__Provided records__:

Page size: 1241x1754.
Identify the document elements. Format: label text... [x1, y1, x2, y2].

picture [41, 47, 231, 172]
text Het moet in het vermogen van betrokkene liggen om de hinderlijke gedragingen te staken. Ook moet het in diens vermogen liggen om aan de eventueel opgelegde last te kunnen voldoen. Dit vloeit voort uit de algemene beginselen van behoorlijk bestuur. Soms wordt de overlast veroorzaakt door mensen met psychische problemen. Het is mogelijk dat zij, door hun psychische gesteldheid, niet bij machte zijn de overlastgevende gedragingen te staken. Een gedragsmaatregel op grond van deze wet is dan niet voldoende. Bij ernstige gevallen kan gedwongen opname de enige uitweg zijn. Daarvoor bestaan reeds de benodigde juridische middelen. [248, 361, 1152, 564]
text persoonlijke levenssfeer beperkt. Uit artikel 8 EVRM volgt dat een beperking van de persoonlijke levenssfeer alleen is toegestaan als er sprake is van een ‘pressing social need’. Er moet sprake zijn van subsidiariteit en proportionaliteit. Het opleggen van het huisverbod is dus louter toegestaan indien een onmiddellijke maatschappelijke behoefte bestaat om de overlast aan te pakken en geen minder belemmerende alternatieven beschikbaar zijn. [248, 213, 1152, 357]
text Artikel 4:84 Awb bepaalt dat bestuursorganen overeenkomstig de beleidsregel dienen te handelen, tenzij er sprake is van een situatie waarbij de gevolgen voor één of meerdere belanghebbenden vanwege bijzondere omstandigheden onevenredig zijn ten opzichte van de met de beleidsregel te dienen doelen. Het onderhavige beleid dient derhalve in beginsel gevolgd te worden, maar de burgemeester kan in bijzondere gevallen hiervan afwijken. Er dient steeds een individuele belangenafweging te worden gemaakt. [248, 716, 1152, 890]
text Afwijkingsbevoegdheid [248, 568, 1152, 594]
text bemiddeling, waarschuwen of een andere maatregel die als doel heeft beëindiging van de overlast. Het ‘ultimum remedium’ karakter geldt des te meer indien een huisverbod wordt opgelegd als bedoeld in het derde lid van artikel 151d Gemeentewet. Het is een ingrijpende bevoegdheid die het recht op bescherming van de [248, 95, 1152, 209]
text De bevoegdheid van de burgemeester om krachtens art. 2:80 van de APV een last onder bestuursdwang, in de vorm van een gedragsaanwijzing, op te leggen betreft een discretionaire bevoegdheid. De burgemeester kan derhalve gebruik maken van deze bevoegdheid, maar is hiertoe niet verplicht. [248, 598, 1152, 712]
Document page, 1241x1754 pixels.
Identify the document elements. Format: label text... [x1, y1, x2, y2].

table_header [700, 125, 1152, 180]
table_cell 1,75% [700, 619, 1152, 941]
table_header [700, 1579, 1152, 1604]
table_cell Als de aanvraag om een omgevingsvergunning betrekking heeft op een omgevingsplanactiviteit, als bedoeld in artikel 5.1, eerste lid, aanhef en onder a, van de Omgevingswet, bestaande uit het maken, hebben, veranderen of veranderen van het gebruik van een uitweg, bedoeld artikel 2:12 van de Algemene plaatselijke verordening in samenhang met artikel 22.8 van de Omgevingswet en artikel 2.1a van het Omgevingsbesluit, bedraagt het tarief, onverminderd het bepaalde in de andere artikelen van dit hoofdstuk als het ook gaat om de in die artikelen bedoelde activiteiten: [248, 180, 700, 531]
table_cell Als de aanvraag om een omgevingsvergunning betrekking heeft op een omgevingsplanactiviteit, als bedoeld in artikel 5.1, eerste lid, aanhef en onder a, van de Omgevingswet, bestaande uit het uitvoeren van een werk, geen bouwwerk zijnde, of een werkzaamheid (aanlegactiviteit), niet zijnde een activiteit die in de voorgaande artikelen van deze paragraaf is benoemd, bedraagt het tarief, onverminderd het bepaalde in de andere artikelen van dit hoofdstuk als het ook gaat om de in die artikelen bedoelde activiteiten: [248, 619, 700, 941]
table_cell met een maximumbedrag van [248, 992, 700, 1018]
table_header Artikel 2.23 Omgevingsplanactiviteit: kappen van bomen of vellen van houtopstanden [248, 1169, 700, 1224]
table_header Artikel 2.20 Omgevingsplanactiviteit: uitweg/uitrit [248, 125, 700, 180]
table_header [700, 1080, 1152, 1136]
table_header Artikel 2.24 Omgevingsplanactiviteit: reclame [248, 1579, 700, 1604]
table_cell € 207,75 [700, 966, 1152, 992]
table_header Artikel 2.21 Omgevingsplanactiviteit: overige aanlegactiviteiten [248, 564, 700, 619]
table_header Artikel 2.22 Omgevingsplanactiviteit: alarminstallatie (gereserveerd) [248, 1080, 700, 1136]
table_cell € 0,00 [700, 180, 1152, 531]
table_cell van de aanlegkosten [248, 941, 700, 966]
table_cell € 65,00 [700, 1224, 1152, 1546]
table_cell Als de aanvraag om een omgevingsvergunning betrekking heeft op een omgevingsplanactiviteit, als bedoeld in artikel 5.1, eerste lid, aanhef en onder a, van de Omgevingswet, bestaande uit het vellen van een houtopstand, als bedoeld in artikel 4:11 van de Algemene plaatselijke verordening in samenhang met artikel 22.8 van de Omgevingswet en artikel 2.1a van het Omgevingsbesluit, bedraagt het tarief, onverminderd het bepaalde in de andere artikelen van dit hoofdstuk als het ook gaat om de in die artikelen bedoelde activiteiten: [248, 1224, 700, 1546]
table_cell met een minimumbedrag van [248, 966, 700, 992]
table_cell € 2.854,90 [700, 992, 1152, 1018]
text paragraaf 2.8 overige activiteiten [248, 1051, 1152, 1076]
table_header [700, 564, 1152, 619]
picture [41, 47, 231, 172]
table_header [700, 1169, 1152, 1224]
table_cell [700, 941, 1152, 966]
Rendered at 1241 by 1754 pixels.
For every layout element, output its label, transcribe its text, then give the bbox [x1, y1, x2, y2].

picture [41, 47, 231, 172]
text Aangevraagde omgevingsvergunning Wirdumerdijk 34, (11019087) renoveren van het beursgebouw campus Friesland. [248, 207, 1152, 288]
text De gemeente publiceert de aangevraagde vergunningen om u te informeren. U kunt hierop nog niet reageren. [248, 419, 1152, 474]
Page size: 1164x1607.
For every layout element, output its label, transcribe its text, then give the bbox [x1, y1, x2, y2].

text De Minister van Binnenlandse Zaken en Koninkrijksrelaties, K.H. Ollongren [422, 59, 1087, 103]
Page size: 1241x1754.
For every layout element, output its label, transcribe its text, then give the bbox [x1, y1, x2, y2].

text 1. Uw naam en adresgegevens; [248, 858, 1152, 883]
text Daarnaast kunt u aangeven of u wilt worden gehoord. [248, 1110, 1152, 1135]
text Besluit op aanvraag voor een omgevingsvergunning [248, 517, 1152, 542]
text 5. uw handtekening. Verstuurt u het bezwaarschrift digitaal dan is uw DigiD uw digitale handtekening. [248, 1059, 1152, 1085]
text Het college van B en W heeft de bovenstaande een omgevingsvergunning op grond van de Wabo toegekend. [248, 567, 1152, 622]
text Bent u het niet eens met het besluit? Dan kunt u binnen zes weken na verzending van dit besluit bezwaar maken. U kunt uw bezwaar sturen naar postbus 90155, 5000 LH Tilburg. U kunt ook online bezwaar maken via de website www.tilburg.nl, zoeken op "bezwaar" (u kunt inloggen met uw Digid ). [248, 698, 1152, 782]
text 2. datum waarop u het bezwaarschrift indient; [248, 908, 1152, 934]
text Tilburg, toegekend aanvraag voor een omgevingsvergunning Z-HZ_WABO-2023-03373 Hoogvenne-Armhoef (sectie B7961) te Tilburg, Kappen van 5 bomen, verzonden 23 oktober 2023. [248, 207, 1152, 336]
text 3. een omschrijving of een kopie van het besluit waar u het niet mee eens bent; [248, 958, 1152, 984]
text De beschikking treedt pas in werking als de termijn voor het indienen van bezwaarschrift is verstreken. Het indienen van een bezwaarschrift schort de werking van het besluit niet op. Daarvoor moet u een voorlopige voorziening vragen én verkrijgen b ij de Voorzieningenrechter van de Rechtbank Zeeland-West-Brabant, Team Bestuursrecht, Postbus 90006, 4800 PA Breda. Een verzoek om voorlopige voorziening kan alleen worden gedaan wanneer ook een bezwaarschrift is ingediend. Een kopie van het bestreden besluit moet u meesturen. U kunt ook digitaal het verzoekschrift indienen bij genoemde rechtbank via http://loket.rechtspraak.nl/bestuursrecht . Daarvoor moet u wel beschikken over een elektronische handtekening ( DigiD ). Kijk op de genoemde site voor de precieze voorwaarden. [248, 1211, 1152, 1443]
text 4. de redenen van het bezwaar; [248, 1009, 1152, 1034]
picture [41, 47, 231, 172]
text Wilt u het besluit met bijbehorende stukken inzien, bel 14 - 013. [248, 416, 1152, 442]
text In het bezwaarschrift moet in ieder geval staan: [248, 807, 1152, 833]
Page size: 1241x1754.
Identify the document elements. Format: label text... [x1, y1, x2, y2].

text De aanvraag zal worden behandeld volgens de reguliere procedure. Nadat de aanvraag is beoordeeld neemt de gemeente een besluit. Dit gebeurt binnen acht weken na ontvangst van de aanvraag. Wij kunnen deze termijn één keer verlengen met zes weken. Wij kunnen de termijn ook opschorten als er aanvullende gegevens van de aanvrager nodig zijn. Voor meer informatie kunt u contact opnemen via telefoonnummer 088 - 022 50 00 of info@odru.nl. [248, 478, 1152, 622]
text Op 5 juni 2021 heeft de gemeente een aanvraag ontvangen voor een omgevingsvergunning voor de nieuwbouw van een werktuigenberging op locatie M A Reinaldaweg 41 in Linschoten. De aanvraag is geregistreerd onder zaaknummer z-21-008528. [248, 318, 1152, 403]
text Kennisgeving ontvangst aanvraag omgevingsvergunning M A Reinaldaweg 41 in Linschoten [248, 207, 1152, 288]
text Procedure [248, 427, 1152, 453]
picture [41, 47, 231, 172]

__What the exercise asks__:
Looking at the entries above, can you reproduce exactly the lines from the one that holds "text De bevoegdheid" through the one that holds "table_header [700, 1579, 1152, 1604]", and only those?

__Reply to the exercise__:
text De bevoegdheid van de burgemeester om krachtens art. 2:80 van de APV een last onder bestuursdwang, in de vorm van een gedragsaanwijzing, op te leggen betreft een discretionaire bevoegdheid. De burgemeester kan derhalve gebruik maken van deze bevoegdheid, maar is hiertoe niet verplicht. [248, 598, 1152, 712]
Document page, 1241x1754 pixels.
Identify the document elements. Format: label text... [x1, y1, x2, y2].

table_header [700, 125, 1152, 180]
table_cell 1,75% [700, 619, 1152, 941]
table_header [700, 1579, 1152, 1604]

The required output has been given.